I think 1 would be saner, so I've prepared a backport.

Ugh, sorry for the disruption. I agree the first approach is the way to go.

For future reference, a forward-and-backward compatible approach for something like this might have been to split the patch in master with a trivial part that is future-compat (e.g. stop reading "format" and/or tolerate absence) which can then be trivially backported with minimal testing, and the larger remaining patch that rides the train (e.g. which removes support and stops producing it).

Also, for cases where the code isn't as central like Message.php, you can do it in a single patch by adding a version [ 'version' => ] to the getWithSet call. This is a WANObjectCache feature that ensures the key remains unchanges such that cross-version purging still works for global cache keys, but ensures the values live separately.

We have a task that has a lot of deep technical details about serialization/unserialization from cache issues which I can't find. But the end result is that unserialize() from cache should no more be used: T161647 . That is merely for the context.

The proposed fix is to remove the format property in wmf.21 code by backporting the cache. That would let wmf.21 unserialize objects that got cached by wmf.23. Once deployed, my understanding is the cache will still have objects serialized by the old wmf.21 code and thus contain the format property, they would thus fail to unserialize leading to the same issue. Or am I misunderstanding?

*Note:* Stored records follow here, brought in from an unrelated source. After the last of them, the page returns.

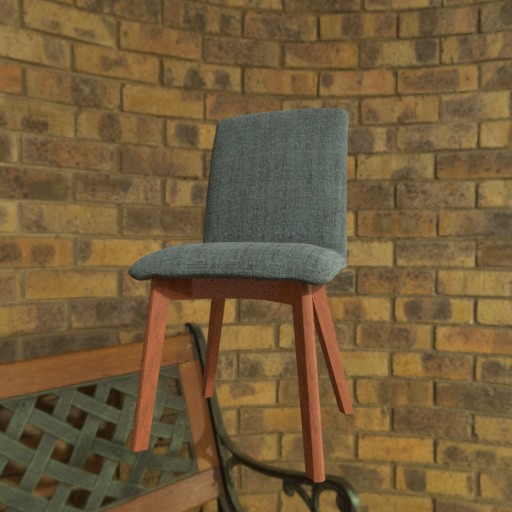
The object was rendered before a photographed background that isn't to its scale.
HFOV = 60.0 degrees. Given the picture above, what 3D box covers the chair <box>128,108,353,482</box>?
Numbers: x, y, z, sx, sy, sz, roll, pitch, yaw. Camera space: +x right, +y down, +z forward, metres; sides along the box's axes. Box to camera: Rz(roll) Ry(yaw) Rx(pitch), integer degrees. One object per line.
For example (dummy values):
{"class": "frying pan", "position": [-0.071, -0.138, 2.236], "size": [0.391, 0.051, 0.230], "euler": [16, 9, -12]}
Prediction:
{"class": "chair", "position": [0.000, 0.000, 1.280], "size": [0.522, 0.974, 0.563], "euler": [0, 1, 19]}

Once deployed, my understanding is the cache will still have objects serialized by the old wmf.21 code and thus contain the format property, they would thus fail to unserialize leading to the same issue. Or am I misunderstanding?

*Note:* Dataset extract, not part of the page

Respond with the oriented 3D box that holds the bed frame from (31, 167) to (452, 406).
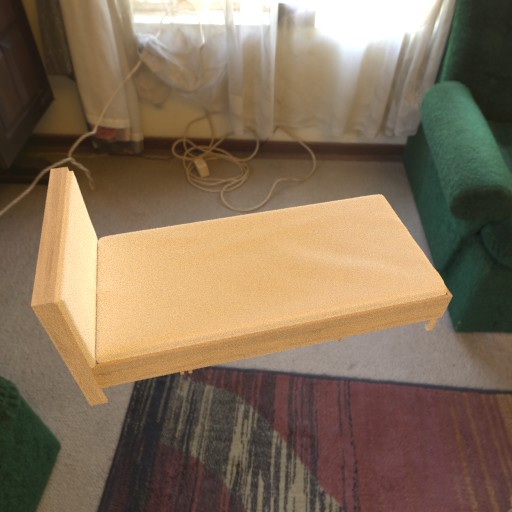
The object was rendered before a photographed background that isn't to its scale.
[{"bbox_3d":[0.000,0.000,2.663,2.140,0.920,0.990,-10,47,-9],"label":"bed frame"}]

I have not check the code in detail, but generally, an extra key does not cause issues. Only a missing key does.

Different question: do I understand correctly that getWithSet() returns false of a cache entry was found but failed to serialize? Shouldn't it just treat this the same as a cache miss and generate the value using the callback?

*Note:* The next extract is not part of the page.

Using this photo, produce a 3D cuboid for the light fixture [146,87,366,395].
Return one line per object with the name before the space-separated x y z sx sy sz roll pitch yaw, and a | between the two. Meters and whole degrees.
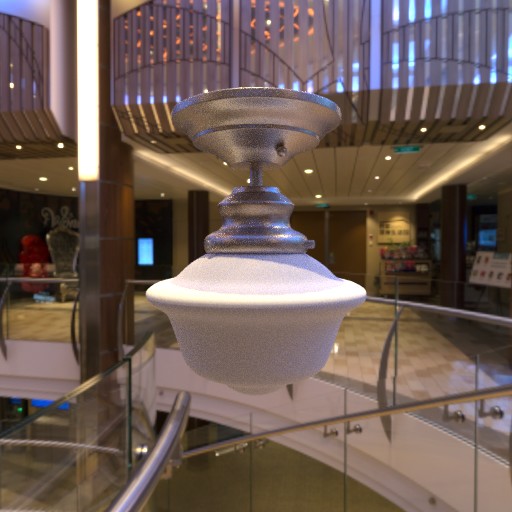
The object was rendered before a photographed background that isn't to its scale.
light fixture | 0.000 0.000 0.407 0.199 0.254 0.199 0 1 0

Summary from a conversation I had with @daniel and @ArielGlenn , I asked for clarification about how we can transition correctly when we run two versions of a class in production but a single cache for both. Copy pasting their answers with some formatting:


First train roll: the new code must be able to read and write the old and new formats but writes of the new format are not enabled; then we wait for the old version of mw no longer to be deployed (i.e. train rolls successfully).
Next train, the new code is enabled to write the new format and we wait for the old cache entries to disappear.
When the last of those is gone, we can remove the code that reads/writes the old format, on the third train roll, and the transition is done.

Serialization changes have to be deployed in three phases: the first patch introduces forward compatibility, the second patch startes writing the new format but retains beackwards compatibility, and the third patch removes backwards compatibility. The third patch has to wait until all old cache entries have expired, which may be a month or even longer in some cases (or never, if we are talking about things like HistoryBlob).

Note that the issue can happen with cross-wiki reads, but also in case of rollbacks: if the train gets rolled back, old code is reading new data. If it'S not forward compatible, things explode.


Which is super clear, thank you!

Change 721313 merged by jenkins-bot:

[mediawiki/core@wmf/1.37.0-wmf.21] Message: Remove deprecated format property

https://gerrit.wikimedia.org/r/721313

Mentioned in SAL (#wikimedia-operations) [2021-09-16T10:59:34Z] <hashar@deploy1002> Synchronized php-1.37.0-wmf.21/includes/language/Message.php: Message: Remove deprecated format property - T146416 T291124 (duration: 01m 06s)

hashar assigned this task to Tgr.

Marking resolved since all patches got deployed. Will reopen if that cause troubles when promoting group 1 in one hour from now.